County announces changes to address landfill neighbors
March 18, 2011
NEW — 8 a.m. March 18, 2011
King County is considering changes to how officials communicate to residents about the Cedar Hills Regional Landfill near Issaquah.
Officials started meeting with landfill neighbors in the mid-1980s to offer updates about landfill activities, and to allow citizens a chance to provide feedback and ideas for improving operations.
The county Solid Waste Division is hosting a community meeting in Issaquah from 7-9 p.m. April 6 at the King County Library Service Center, 960 Newport Way N.W.
Participants can hear updates about proposed changes to community meetings, updates about operational activities — including construction and environmental management activities at the landfill — and the Bio Energy Washington landfill gas-to-energy plant at the site.

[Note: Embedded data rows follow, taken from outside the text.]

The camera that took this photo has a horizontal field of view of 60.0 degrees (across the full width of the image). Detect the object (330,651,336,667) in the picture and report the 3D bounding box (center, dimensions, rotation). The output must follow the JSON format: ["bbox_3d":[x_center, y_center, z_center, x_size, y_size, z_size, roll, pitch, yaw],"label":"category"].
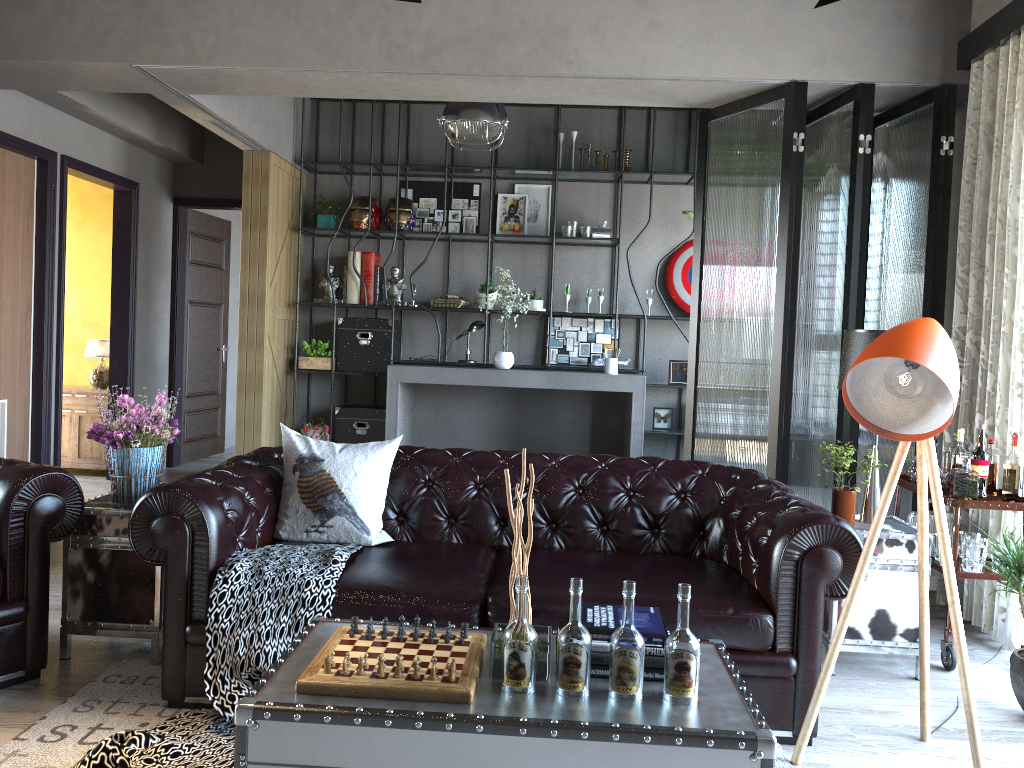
[{"bbox_3d":[-0.452,0.690,2.228,0.017,0.037,0.017,2,2,-4],"label":"object"}]

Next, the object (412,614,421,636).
[{"bbox_3d":[-0.265,0.674,2.481,0.025,0.058,0.025,2,2,-4],"label":"object"}]

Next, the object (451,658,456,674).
[{"bbox_3d":[-0.147,0.703,2.212,0.017,0.037,0.017,2,2,-4],"label":"object"}]

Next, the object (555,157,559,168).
[{"bbox_3d":[0.388,-1.909,7.707,0.135,0.129,0.135,1,3,-24],"label":"object"}]

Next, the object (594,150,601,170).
[{"bbox_3d":[0.755,-1.950,7.859,0.080,0.226,0.080,1,2,-24],"label":"object"}]

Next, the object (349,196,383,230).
[{"bbox_3d":[-1.308,-1.508,7.862,0.280,0.327,0.399,3,2,8],"label":"object"}]

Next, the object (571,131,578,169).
[{"bbox_3d":[0.544,-2.042,7.877,0.128,0.390,0.128,1,3,-38],"label":"object"}]

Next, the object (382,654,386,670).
[{"bbox_3d":[-0.323,0.695,2.221,0.017,0.037,0.017,2,2,-4],"label":"object"}]

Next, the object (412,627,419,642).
[{"bbox_3d":[-0.265,0.687,2.436,0.017,0.037,0.017,3,2,9],"label":"object"}]

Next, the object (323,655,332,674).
[{"bbox_3d":[-0.454,0.690,2.183,0.019,0.040,0.019,3,2,7],"label":"object"}]

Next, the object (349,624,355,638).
[{"bbox_3d":[-0.441,0.679,2.445,0.017,0.037,0.017,2,2,-16],"label":"object"}]

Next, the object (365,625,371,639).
[{"bbox_3d":[-0.395,0.681,2.442,0.017,0.037,0.017,3,2,9],"label":"object"}]

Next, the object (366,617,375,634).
[{"bbox_3d":[-0.396,0.676,2.485,0.026,0.044,0.026,0,3,-42],"label":"object"}]

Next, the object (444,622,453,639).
[{"bbox_3d":[-0.176,0.685,2.474,0.026,0.044,0.026,0,3,-42],"label":"object"}]

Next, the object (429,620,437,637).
[{"bbox_3d":[-0.220,0.681,2.477,0.022,0.047,0.022,0,3,-42],"label":"object"}]

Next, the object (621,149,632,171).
[{"bbox_3d":[0.996,-1.936,7.701,0.130,0.232,0.130,2,2,-20],"label":"object"}]

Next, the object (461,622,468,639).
[{"bbox_3d":[-0.132,0.689,2.475,0.019,0.040,0.019,1,2,-23],"label":"object"}]

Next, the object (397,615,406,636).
[{"bbox_3d":[-0.308,0.673,2.482,0.025,0.055,0.025,0,3,-42],"label":"object"}]

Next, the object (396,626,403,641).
[{"bbox_3d":[-0.309,0.685,2.438,0.017,0.037,0.017,3,2,9],"label":"object"}]

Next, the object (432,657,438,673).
[{"bbox_3d":[-0.193,0.701,2.214,0.017,0.037,0.017,2,2,-4],"label":"object"}]

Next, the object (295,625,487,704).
[{"bbox_3d":[-0.296,0.727,2.329,0.429,0.036,0.429,2,3,3],"label":"object"}]

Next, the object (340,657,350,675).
[{"bbox_3d":[-0.410,0.690,2.180,0.026,0.044,0.026,0,3,-42],"label":"object"}]

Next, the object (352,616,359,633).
[{"bbox_3d":[-0.441,0.675,2.490,0.019,0.040,0.019,1,2,-23],"label":"object"}]

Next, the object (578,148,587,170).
[{"bbox_3d":[0.613,-1.955,7.769,0.084,0.233,0.084,3,2,30],"label":"object"}]

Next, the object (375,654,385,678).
[{"bbox_3d":[-0.322,0.688,2.174,0.025,0.055,0.025,0,3,-42],"label":"object"}]

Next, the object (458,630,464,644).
[{"bbox_3d":[-0.138,0.692,2.429,0.017,0.037,0.017,3,2,22],"label":"object"}]

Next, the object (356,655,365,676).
[{"bbox_3d":[-0.371,0.690,2.179,0.022,0.047,0.022,4,3,35],"label":"object"}]

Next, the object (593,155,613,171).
[{"bbox_3d":[0.815,-1.903,7.697,0.189,0.152,0.189,3,3,26],"label":"object"}]

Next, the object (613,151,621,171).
[{"bbox_3d":[0.919,-1.944,7.802,0.084,0.233,0.084,2,2,-16],"label":"object"}]

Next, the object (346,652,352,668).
[{"bbox_3d":[-0.411,0.691,2.227,0.017,0.037,0.017,2,2,-4],"label":"object"}]

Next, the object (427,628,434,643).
[{"bbox_3d":[-0.223,0.689,2.431,0.017,0.037,0.017,3,2,9],"label":"object"}]

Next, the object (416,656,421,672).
[{"bbox_3d":[-0.235,0.699,2.215,0.017,0.037,0.017,2,2,-4],"label":"object"}]

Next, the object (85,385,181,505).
[{"bbox_3d":[-1.549,0.245,3.655,0.349,0.484,0.352,4,3,34],"label":"object"}]

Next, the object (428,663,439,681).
[{"bbox_3d":[-0.192,0.700,2.168,0.026,0.044,0.026,0,3,-42],"label":"object"}]

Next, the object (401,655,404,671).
[{"bbox_3d":[-0.277,0.697,2.217,0.017,0.037,0.017,2,2,-4],"label":"object"}]

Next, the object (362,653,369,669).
[{"bbox_3d":[-0.367,0.693,2.224,0.017,0.037,0.017,2,2,-4],"label":"object"}]

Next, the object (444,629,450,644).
[{"bbox_3d":[-0.177,0.691,2.429,0.017,0.037,0.017,3,2,9],"label":"object"}]

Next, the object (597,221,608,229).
[{"bbox_3d":[0.801,-1.404,7.857,0.103,0.068,0.103,2,3,-4],"label":"object"}]

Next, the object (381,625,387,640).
[{"bbox_3d":[-0.351,0.683,2.440,0.017,0.037,0.017,3,2,9],"label":"object"}]

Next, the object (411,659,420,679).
[{"bbox_3d":[-0.235,0.696,2.171,0.022,0.047,0.022,4,3,35],"label":"object"}]

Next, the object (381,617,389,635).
[{"bbox_3d":[-0.354,0.676,2.484,0.022,0.047,0.022,0,3,-42],"label":"object"}]

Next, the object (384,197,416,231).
[{"bbox_3d":[-0.990,-1.495,7.845,0.280,0.327,0.399,2,2,-7],"label":"object"}]

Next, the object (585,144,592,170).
[{"bbox_3d":[0.668,-1.954,7.694,0.100,0.243,0.100,3,2,12],"label":"object"}]

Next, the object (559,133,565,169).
[{"bbox_3d":[0.436,-2.050,7.954,0.128,0.390,0.128,1,2,-29],"label":"object"}]

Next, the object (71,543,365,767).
[{"bbox_3d":[-0.928,0.904,2.815,0.562,0.569,1.699,3,3,23],"label":"object"}]

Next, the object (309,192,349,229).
[{"bbox_3d":[-1.650,-1.525,7.895,0.324,0.339,0.295,0,3,-41],"label":"object"}]

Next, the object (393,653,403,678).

The community meetings offer a forum for residents and Solid Waste Division to discuss conditions and problems at the landfill. The meetings occur at least twice per year.
The landfill encompasses 920 acres in unincorporated King County between Issaquah and Maple Valley.
Crews completed major construction on the Bio Energy Washington landfill gas-to-energy facility in March 2009 and the plant began operating last year. The facility is the largest landfill gas-to-energy plant in the nation.
Operators faced another hurdle related to noise from the landfill gas-to-energy facility. Residents in neighborhoods near the landfill reported hissing and droning sounds emanating from the plant. The parties heard from landfill neighbors about the noise at a November meeting in Issaquah.
Leaders announced a deal in February to sell emissions credits from the plant to earn money for the county.